I use a Mongodb Kafka source connector to do CDC, and I would like to transform the fullDocument of the CDC messages before saving them to the target collection. The transformation is quite complex, so I choose to do it in a Kafka Stream instead of a mongo pipeline, and to push the transformed messages in a new topic and save them to mongo with kafka connect sink.
I use Spring Cloud Stream for the streaming of the CDC messages, and all works fine, but the deserialization of the BSON document in POJO needs “a lot” of custom code with codec registries etc (compared to Spring Data Mongo queries for example).
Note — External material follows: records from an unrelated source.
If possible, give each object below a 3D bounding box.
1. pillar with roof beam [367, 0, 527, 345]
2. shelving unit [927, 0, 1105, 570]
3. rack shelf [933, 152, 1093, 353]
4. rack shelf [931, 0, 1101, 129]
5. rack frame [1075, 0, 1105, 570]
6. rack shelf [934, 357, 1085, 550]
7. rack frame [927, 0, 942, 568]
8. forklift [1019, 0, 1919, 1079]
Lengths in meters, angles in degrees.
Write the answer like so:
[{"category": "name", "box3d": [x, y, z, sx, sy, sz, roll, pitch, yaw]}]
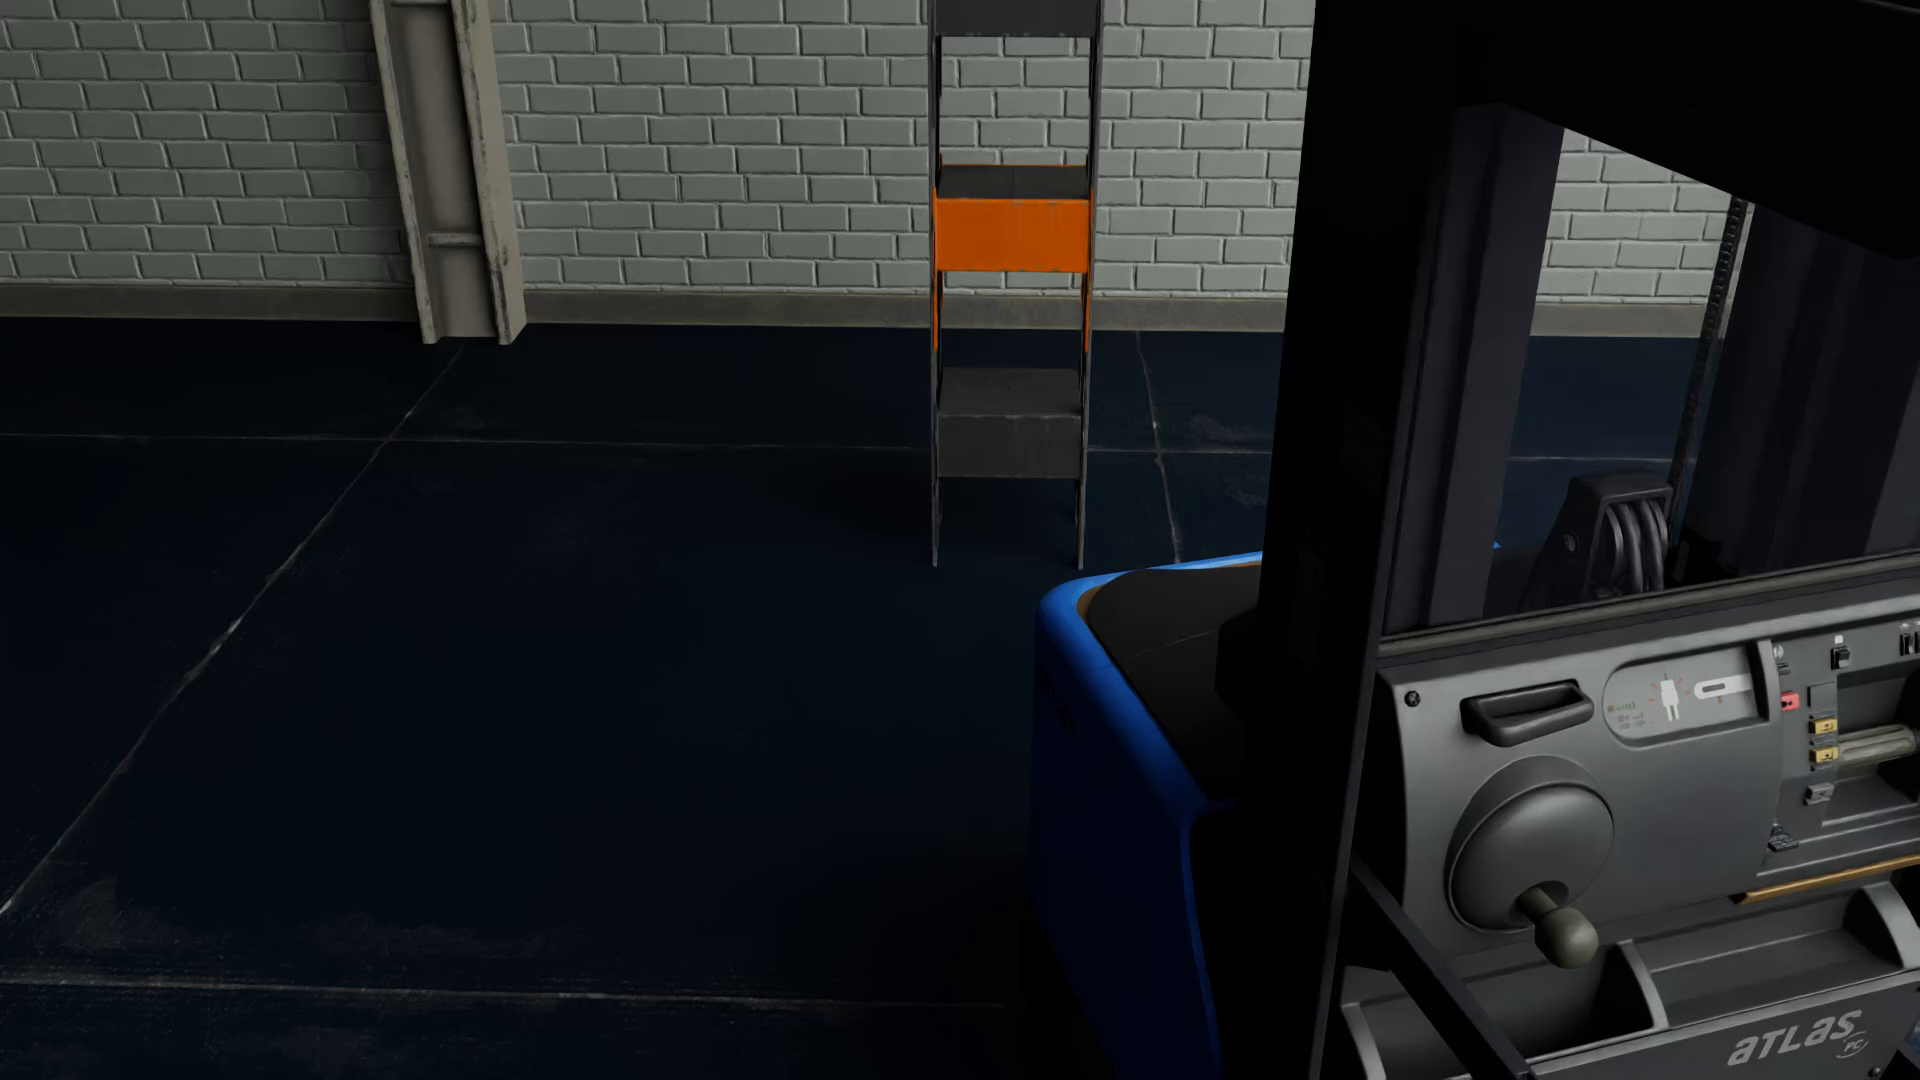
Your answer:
[{"category": "pillar with roof beam", "box3d": [-2.343, -2.905, 1.623, 0.400, 9.000, 9.100, 1, 28, 2]}, {"category": "shelving unit", "box3d": [0.165, -0.925, 5.253, 0.503, 2.100, 0.431, 1, 28, 2]}, {"category": "rack shelf", "box3d": [0.165, -0.913, 5.259, 0.480, 0.518, 0.431, 1, 28, 2]}, {"category": "rack shelf", "box3d": [0.165, -1.531, 4.932, 0.480, 0.518, 0.431, 1, 28, 2]}, {"category": "rack frame", "box3d": [0.409, -0.921, 5.245, 0.015, 2.100, 0.400, 1, 28, 2]}, {"category": "rack shelf", "box3d": [0.165, -0.294, 5.587, 0.480, 0.518, 0.431, 1, 28, 2]}, {"category": "rack frame", "box3d": [-0.078, -0.929, 5.261, 0.015, 2.100, 0.400, 1, 28, 2]}, {"category": "forklift", "box3d": [1.044, 0.334, 1.991, 1.130, 2.935, 3.031, -8, 29, -15]}]

As Kafka seems recommanded by Mongo for CDC, is there a simple and automatic way to deserialize CDC messages from topics?
I’m sorry it’s taken so long for this to get answered, but in short no, you will need to use Pojo, if you really want to be an amazing help in the future, it would be to take Pojo and launch some of your own pushes to it with custom code templates to initiate this.
I’ve been looking at integrating Kafka with Java, as well as implementing Kafka with MongoDB Device Sync, but like you’re noticing it takes a lot of custom code and time.
I would be happy to help improving this part. My idea was to provide a Kafka Stream Serdes for class com.mongodb.client.model.changestream.ChangeStreamDocument to be able to serialize/deserialize automatically the CDC message by configuration. But I don’t know if it can be a mongodb related code?